City & Government, Cottage Grove

In Brief: Cottage Grove City Council Roundup

COTTAGE GROVE – The chambers were lively, and at times disruptive, during this past Monday’s city council meeting on Jan. 8.

Cottage Grove City Council navigated through impactful topics, switching gears effortlessly with the skill of someone who knows all their favorite television channels would wield a remote.

Solesbee’s State of the City Address

After confessing that “being on council the last five years has been a baptism by fire,” Mayor Candace Solesbee began the meeting with her state of the city address, focusing on the City’s continued quest to find solutions to its unhoused debacle.

The fourth generation Grover also added that, although she has been pursued by a recruiter for the House of Representatives, “that is a road I do not wish to walk; my dedication is to Cottage Grove alone.”

She then listed a multitude of the City’s accomplishments to highlight 2023’s success stories, zeroing in on themes of city repair, incoming development, and forward movement. She heavily focused on the Cottage Grove Police Department (CGPD). Of note, Solesbee said:

• CGPD is “launching an online reporting system that is designated by a local Lane County business in Eugene. MyPDConnect is a virtual platform that is being adopted to help create better access to reporting to the police department.”
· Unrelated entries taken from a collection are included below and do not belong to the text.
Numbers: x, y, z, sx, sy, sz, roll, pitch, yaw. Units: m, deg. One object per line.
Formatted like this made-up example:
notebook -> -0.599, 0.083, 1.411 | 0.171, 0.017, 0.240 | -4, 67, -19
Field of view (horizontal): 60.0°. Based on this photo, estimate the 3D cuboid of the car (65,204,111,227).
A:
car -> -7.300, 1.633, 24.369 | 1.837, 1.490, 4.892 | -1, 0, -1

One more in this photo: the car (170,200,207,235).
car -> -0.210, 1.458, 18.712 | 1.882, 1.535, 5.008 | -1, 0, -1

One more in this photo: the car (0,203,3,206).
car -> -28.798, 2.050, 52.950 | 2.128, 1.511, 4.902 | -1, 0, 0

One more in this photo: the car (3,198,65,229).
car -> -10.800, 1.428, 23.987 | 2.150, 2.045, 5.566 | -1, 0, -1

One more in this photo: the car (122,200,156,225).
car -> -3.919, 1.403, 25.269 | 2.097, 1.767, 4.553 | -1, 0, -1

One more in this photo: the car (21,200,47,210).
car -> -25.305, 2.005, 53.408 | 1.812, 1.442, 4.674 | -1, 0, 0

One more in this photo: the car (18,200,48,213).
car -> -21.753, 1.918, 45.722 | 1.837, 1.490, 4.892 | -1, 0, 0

• With a potential two year completion timeline, “the police department began the process of accreditation through the Oregon Accreditation Alliance.”
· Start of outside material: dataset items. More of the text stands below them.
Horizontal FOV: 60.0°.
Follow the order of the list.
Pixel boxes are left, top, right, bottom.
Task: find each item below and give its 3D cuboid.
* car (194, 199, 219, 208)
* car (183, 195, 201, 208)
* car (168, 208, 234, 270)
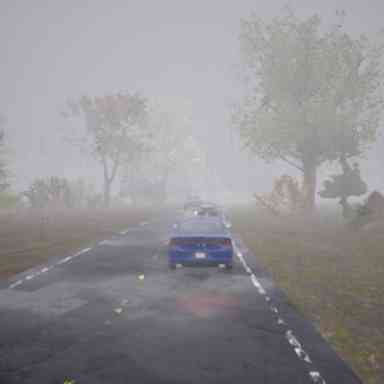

• Recruitment and hiring practices have been elevated, and staff – both human and canine – have been recently added to CGPD.

• Cottage Grove’s top priorities for 2024, according to the mayor, “are our citizen and council collaborative effort in creating creative and achievable solutions for funding our city road improvements, along with hiring high quality professionals to fully staff our police department.”

On the same page

Although this meeting was cause for much disagreement and palpable tension, there were six topics which led to immediate and unanimous decisions.

• Stewart was approved to remain the interim City Manager Pro Tem until Cottage Grove’s new city manager Mike Sauerwein begins on Jan. 22.

• The council voted for Greg Ervin to be 2024’s council president, allowing him to continue in this position.

• The Mayor’s subcommittee and liaison appointments were approved with an amendment to not appoint the Vision Keepers Committee representatives at this time.

• Garland Burback was appointed to the planning commission for a three year term beginning Jan. 8 and ending Dec. 31, 2026.

• Ervin and councilor Chalice Savage were appointed to represent the Council on the economic opportunities analysis advisory committee.

• A motion passed unanimously for the Council to acknowledge that a grievance was filed as far as the process for hiring the city manager, authorizing a response from the city attorney to accept the facts, add to those facts, and explain why there wasn’t a violation.

Regarding the last line item, when it was time to address concerns from council, Fleck made a motion, which was corrected and clarified by the city attorney in order for it to contain the proper verbiage. No information was shared about the grievance other than to state that it existed. The Chronicle will be investigating this filed grievance further.